The records of 121 patients with a HH who received surgery at the Sixth Affiliated Hospital of Sun Yat-Sen University from April 2019 to October 2022 were retrospectively reviewed. Patients were divided into a good improvement group (88 patients) and a poor improvement group (33 patients) according to the improvement of symptoms postoperatively. Patient demographic and clinical data, and high-resolution manometry (HRM) data were extracted from the records, and data of the 2 groups were compared by univariate analysis. Statistically significant factors (p < 0.05) were incorporated into a multivariate logistic regression model to determine independent factors of postoperative symptom improvement. A clinical prediction model and a nomogram were constructed.

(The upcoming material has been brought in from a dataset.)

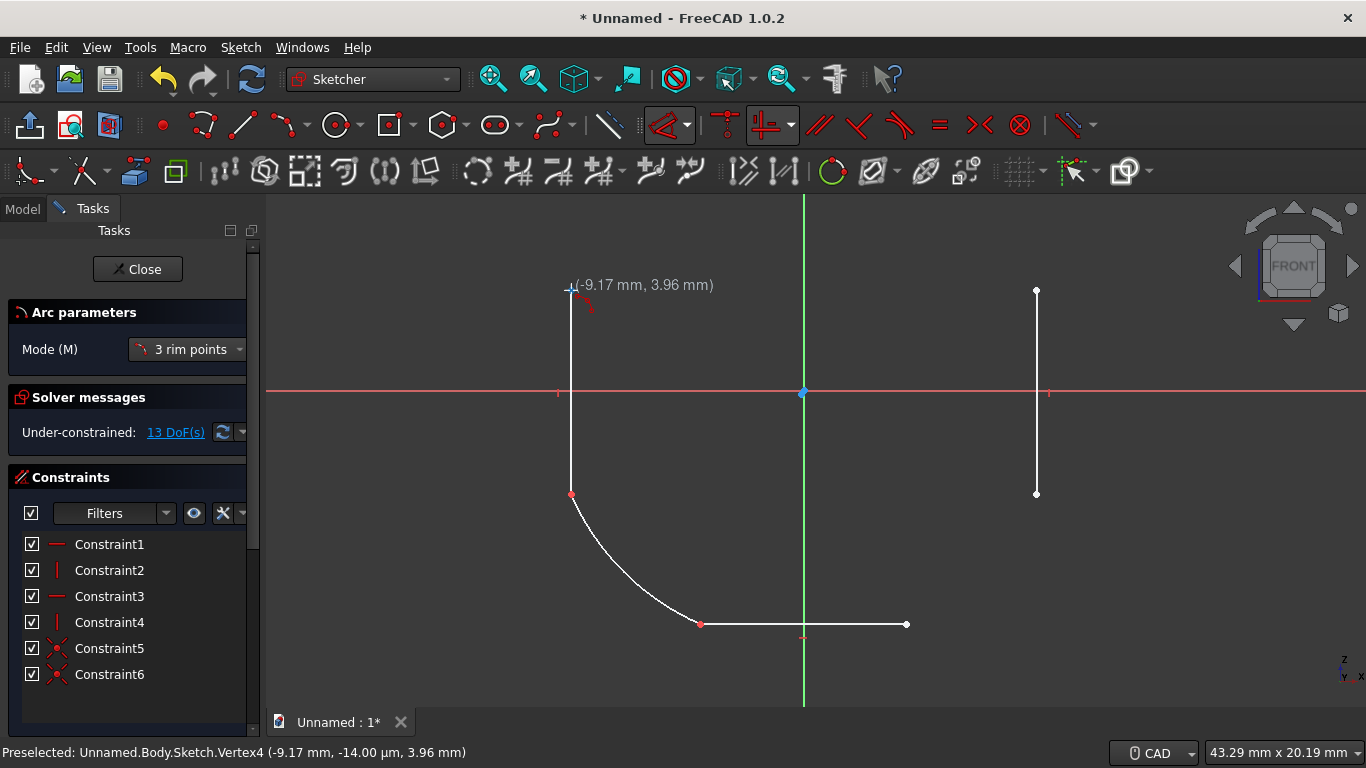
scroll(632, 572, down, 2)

Receiver operating characteristic (ROC) curve and calibration curve analysis were used to predict the accuracy of the model. Decision curve analysis (DCA) was used to evaluate the clinical applicability of the model.

Results

Multivariate logistic regression analysis showed that non-smoking history and level of distal contraction integral (DCI) were independent factors affecting postoperative symptom improvement of HH patients. The accuracy of the test scoring system shows that the C index is 0.878.

Conclusions

The Improvement of symptoms postoperatively in HH patients is affected by smoking history and DCI level. The clinical prediction model established based on these results has good efficacy in predicting the outcomes of patients with a HH who undergo surgery.